- _THE DATA_:
* * * * *
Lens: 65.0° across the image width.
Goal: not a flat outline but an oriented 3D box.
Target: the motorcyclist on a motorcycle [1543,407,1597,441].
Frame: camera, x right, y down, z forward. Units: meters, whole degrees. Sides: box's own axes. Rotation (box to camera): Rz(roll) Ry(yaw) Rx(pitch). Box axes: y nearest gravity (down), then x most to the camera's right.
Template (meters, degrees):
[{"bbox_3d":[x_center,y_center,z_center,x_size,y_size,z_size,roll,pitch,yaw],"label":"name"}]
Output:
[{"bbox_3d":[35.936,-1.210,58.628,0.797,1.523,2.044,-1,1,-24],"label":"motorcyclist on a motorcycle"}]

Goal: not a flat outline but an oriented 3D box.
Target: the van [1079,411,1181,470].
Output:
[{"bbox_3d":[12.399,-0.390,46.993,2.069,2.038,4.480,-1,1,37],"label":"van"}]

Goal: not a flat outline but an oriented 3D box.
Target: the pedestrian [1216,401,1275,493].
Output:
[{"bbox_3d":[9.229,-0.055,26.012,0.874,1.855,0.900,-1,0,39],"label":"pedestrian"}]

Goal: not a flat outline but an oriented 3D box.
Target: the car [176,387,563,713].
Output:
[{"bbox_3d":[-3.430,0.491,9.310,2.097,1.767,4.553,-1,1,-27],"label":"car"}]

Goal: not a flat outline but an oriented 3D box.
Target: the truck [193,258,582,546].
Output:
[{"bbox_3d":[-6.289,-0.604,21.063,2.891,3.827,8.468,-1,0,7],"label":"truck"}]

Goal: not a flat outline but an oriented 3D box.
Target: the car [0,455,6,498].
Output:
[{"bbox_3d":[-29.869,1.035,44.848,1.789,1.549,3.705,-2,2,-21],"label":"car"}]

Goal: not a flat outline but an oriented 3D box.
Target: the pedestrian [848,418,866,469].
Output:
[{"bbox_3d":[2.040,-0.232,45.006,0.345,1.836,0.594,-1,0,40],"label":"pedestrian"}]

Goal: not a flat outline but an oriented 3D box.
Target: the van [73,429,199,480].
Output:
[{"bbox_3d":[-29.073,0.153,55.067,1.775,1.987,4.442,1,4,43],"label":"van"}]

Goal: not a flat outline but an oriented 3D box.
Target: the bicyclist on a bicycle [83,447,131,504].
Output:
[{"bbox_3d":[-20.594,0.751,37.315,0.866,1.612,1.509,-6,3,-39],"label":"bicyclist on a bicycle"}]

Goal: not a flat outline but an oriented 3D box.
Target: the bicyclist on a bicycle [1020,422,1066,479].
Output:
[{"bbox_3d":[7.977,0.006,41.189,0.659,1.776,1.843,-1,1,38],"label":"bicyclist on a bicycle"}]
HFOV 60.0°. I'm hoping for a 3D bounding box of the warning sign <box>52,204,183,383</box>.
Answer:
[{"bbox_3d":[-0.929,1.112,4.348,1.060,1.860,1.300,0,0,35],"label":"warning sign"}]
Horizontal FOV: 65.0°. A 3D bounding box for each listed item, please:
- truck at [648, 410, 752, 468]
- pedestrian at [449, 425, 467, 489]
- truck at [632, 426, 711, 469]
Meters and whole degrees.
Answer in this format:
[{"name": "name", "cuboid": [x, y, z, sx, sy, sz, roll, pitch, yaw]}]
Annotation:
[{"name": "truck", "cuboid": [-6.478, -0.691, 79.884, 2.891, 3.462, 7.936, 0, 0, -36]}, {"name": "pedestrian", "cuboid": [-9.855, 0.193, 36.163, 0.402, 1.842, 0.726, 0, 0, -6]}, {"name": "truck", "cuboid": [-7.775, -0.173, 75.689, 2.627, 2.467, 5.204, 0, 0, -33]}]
* * * * *
- _WHAT THE EXERCISE ASKS_: The full listing is to be restated word for word.

- _ANSWER TO THE EXERCISE_:
Lens: 65.0° across the image width.
Goal: not a flat outline but an oriented 3D box.
Target: the motorcyclist on a motorcycle [1543,407,1597,441].
Frame: camera, x right, y down, z forward. Units: meters, whole degrees. Sides: box's own axes. Rotation (box to camera): Rz(roll) Ry(yaw) Rx(pitch). Box axes: y nearest gravity (down), then x most to the camera's right.
Template (meters, degrees):
[{"bbox_3d":[x_center,y_center,z_center,x_size,y_size,z_size,roll,pitch,yaw],"label":"name"}]
Output:
[{"bbox_3d":[35.936,-1.210,58.628,0.797,1.523,2.044,-1,1,-24],"label":"motorcyclist on a motorcycle"}]

Goal: not a flat outline but an oriented 3D box.
Target: the van [1079,411,1181,470].
Output:
[{"bbox_3d":[12.399,-0.390,46.993,2.069,2.038,4.480,-1,1,37],"label":"van"}]

Goal: not a flat outline but an oriented 3D box.
Target: the pedestrian [1216,401,1275,493].
Output:
[{"bbox_3d":[9.229,-0.055,26.012,0.874,1.855,0.900,-1,0,39],"label":"pedestrian"}]

Goal: not a flat outline but an oriented 3D box.
Target: the car [176,387,563,713].
Output:
[{"bbox_3d":[-3.430,0.491,9.310,2.097,1.767,4.553,-1,1,-27],"label":"car"}]

Goal: not a flat outline but an oriented 3D box.
Target: the truck [193,258,582,546].
Output:
[{"bbox_3d":[-6.289,-0.604,21.063,2.891,3.827,8.468,-1,0,7],"label":"truck"}]

Goal: not a flat outline but an oriented 3D box.
Target: the car [0,455,6,498].
Output:
[{"bbox_3d":[-29.869,1.035,44.848,1.789,1.549,3.705,-2,2,-21],"label":"car"}]

Goal: not a flat outline but an oriented 3D box.
Target: the pedestrian [848,418,866,469].
Output:
[{"bbox_3d":[2.040,-0.232,45.006,0.345,1.836,0.594,-1,0,40],"label":"pedestrian"}]

Goal: not a flat outline but an oriented 3D box.
Target: the van [73,429,199,480].
Output:
[{"bbox_3d":[-29.073,0.153,55.067,1.775,1.987,4.442,1,4,43],"label":"van"}]

Goal: not a flat outline but an oriented 3D box.
Target: the bicyclist on a bicycle [83,447,131,504].
Output:
[{"bbox_3d":[-20.594,0.751,37.315,0.866,1.612,1.509,-6,3,-39],"label":"bicyclist on a bicycle"}]

Goal: not a flat outline but an oriented 3D box.
Target: the bicyclist on a bicycle [1020,422,1066,479].
Output:
[{"bbox_3d":[7.977,0.006,41.189,0.659,1.776,1.843,-1,1,38],"label":"bicyclist on a bicycle"}]
HFOV 60.0°. I'm hoping for a 3D bounding box of the warning sign <box>52,204,183,383</box>.
Answer:
[{"bbox_3d":[-0.929,1.112,4.348,1.060,1.860,1.300,0,0,35],"label":"warning sign"}]
Horizontal FOV: 65.0°. A 3D bounding box for each listed item, please:
- truck at [648, 410, 752, 468]
- pedestrian at [449, 425, 467, 489]
- truck at [632, 426, 711, 469]
Meters and whole degrees.
Answer in this format:
[{"name": "name", "cuboid": [x, y, z, sx, sy, sz, roll, pitch, yaw]}]
Annotation:
[{"name": "truck", "cuboid": [-6.478, -0.691, 79.884, 2.891, 3.462, 7.936, 0, 0, -36]}, {"name": "pedestrian", "cuboid": [-9.855, 0.193, 36.163, 0.402, 1.842, 0.726, 0, 0, -6]}, {"name": "truck", "cuboid": [-7.775, -0.173, 75.689, 2.627, 2.467, 5.204, 0, 0, -33]}]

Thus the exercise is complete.